The bottled list punches well above its suburban-restaurant weight class, with Larmandier-Bernier 'Longitude' Blanc de Blancs and Laherte Frères 'Ultradition' flying the flag for serious Champagne grower culture. Burgundy gets real representation through Domaine Alex Moreau's Chassagne-Montrachet, and Spain shows up with the crowd-pleasing but legitimate Eladio Piñeiro 'Envidia Cochina' Albariño from Rias Baixas. The tap program skews toward accessible crowd-pleasers — your Napa Cabs, your Sonoma Chards — but that's what the format calls for, and it executes it cleanly. The one honest gap is depth in Italy and Germany, which feel like afterthoughts next to the French heavy-hitters.

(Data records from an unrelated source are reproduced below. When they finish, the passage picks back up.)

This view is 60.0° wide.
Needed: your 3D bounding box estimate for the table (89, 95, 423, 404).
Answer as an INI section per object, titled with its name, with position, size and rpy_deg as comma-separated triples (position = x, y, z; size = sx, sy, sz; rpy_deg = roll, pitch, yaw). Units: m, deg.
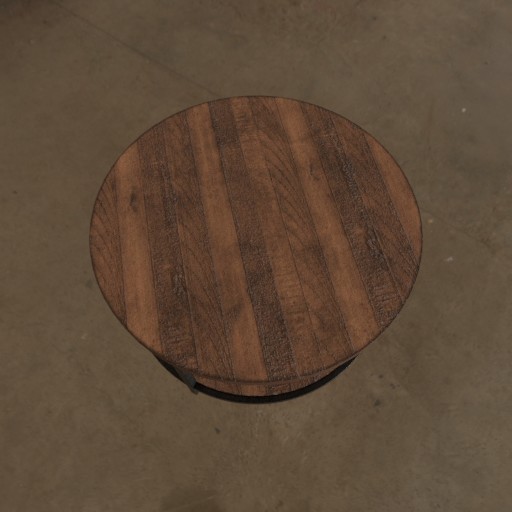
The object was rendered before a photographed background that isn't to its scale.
[table]
position = 0.000, 0.000, 1.334
size = 0.837, 0.462, 0.837
rpy_deg = 0, 63, 0

The tap program is the whole point here — sixty pours rotating through the wall means the by-the-glass options are essentially the entire list. Prices run $6 to $30 a pour depending on what you're pulling, and the turnover from the tap system keeps freshness consistent in a way a half-finished bottle on a back shelf never could. Weekday Tappy Hour drops $3 off select pours from 3–6pm, which makes the decision to skip the cocktail menu an easy one.
Italian Prosecco DOC (house sparkling, by the glass) — $13
At a retail equivalent of around $14 a bottle, this is basically a steal poured by the glass — the markup is under 100%, which is almost unheard of for a sparkling pour. Order it instead of a cocktail when you sit down.
Laherte Frères 'Ultradition' Champagne
Most people at a wine-on-tap restaurant in Plano are reaching for the Napa Cab. The Laherte 'Ultradition' is a small-grower Champagne from the Côte des Blancs that most dedicated wine bars don't even stock — finding it here is a genuine surprise, and it's the kind of bottle worth celebrating just because it exists on this list.
Robert Mondavi Napa Cabernet Sauvignon
At $72 a bottle, you're paying a 157% markup on a wine that retails around $28. Mondavi is fine, but it's also at every steakhouse in America at roughly the same price. The tap Napa Cab from the Vine Huggers program gives you a similar experience for a fraction of the cost — use that instead.
Eladio Piñeiro 'Envidia Cochina' Albariño + Burrata
The Albariño's citrus lift and saline edge cut right through the cream of the burrata without fighting it — it's the kind of pairing that makes both things taste better, and neither one costs you very much.
Monday–Friday — Tappy Hour runs 3–6pm weekdays with $3 off select wine pours in the bar and lounge.
🎲 The Bottom Line
Sixty Vines is the Wild Card that actually delivers: a wine-on-tap concept in a mall-adjacent development that somehow has Larmandier-Bernier on the bottle list and fair markups on the glass pours. Come for Tappy Hour, stay for a producer Champagne you weren't expecting to find in Plano.